I've seen many many producing gas wells in North Louisiana that produce less than 100 MCF/day and are still economical. That's a gross number, including royalty gas. It can be dramatically impacted by water production, non-hydrocarbon components in the gas (CO2, H2s, etc.). But generally they can easily keep on at 100 Mcf/day, or 3000 MCF/month.
Yes, but I bet the wells are not $8 million horizonatals w/leasing costs through the ceiling.
Baron, the capital cost is not a factor in determining the economic limit of production since it is a "sunk" cost. Only gas price, operating cost, royalty %, tax %, etc are factors. Because operating cost for gas production may be low, a low rate well may still be economic to produce.
For the working interest owners, all costs are important. Granted the leasing costs can be split among multiple wells in the unit, but the cost to drill and complete the well are important. If you spend more to lease, drill, complete, and operate a well than it pays back, the well is a loser. The goal is to make a profit.
Baron, are you familiar with the term "economic limit"? I did not say capital costs are not important only that they are not relevant in determining a well has reached its economic limit. Even if a well is a loser based on full cycle economics, the operator will continue to produce if revenue exceeds opex.

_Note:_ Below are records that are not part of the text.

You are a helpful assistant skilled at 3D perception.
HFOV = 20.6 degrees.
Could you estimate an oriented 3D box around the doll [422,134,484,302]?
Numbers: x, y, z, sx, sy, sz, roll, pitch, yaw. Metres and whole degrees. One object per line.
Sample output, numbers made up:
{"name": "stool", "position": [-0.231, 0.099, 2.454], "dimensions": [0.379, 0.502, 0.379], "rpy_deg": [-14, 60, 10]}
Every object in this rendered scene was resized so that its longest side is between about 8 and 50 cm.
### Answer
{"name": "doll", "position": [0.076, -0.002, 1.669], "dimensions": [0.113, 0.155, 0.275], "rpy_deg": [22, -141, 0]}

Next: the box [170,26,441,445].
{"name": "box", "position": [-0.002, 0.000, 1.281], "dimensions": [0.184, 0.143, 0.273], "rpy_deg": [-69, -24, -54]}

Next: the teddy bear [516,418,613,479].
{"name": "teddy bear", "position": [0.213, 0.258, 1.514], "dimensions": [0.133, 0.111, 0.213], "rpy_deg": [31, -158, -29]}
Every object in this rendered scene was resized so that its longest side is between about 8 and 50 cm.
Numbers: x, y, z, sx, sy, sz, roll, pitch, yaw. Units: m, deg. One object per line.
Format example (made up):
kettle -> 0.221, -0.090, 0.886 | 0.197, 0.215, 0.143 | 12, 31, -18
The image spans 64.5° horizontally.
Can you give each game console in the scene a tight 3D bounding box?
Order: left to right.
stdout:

Baron, as others below have pointed out, the cost to drill a well is only important when deciding to drill the well. Once you have drilled the well and have it on production, the cost to drill the well is not relevant to the economic limit of continuing production. That's like saying if you are trying to decide to repair your broken water pump in your truck, you look back and say "hey, I paid $25,000 for that truck...wonder if I should repair it". It has nothing to do with the monthly or daily decision to keep producing a well that is ALREADY DRILLED. The money spent to drill the well cannot be retrieved.

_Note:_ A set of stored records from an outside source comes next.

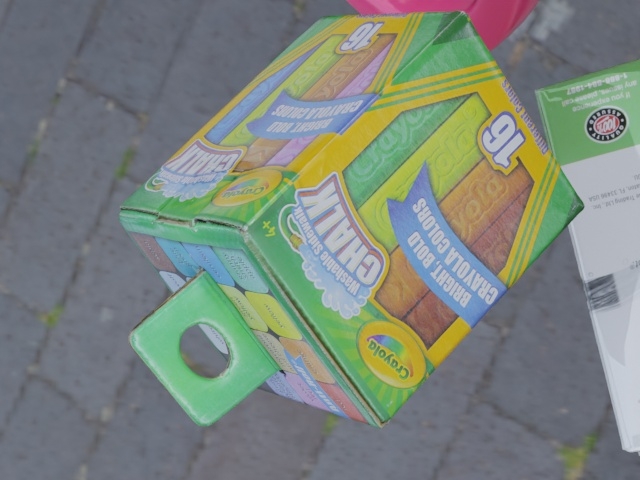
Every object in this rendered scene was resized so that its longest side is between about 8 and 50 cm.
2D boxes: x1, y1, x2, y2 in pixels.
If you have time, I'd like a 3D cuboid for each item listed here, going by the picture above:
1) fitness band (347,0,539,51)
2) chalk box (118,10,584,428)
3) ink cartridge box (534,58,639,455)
[{"bbox_3d":[0.039,-0.212,0.912,0.209,0.291,0.054,32,67,14],"label":"fitness band"},{"bbox_3d":[0.000,0.000,0.847,0.213,0.132,0.132,-47,28,-21],"label":"chalk box"},{"bbox_3d":[0.232,-0.001,0.969,0.160,0.092,0.219,-15,84,21],"label":"ink cartridge box"}]

Now, for all of the accounting folks, the above applies to cash accounting and cashflow, not "financial accounting" and "earnings/net income". Those are fairy tale type numbers used within the stock world but bear little-to-no resemblance to the real world.
Skip, I will have to discount Mr Berman's credibility some due to his following statement:

"An unexpected and disturbing realization emerged from this re-evaluation of the Barnett Shale: production is in steep decline. Production fell 20%in the third quarter (Q3) of 2007 through Q2 2008 (300.8 to 239.6 Bcfe)*. The probable cause is a decline in drilling: well completions dropped 44% in Q2 2008 (358 wells) from Q3 2007 (641 wells). The US Geological Survey and industry analysts estimate nearly 30 Tcfe of recoverable reserves from the Barnett Shale. On June 1, 2008 cumulative production was 4.4 Tcfe, and it seems unlikely that the Barnett play will reach 6 Tcfe based on the pattern of decline observed over the last eight months."

Anyone that is familiar with the Barnett Shale or takes a little time to properly research TRRC data knows there is a lot of late and delayed reporting of production information for the Barnett Shale. Barnett Shale production is still growing and likely exceeds 4.5 Bcfd. Something Mr Berman would have known if he did his homework before writing such a misleading statement.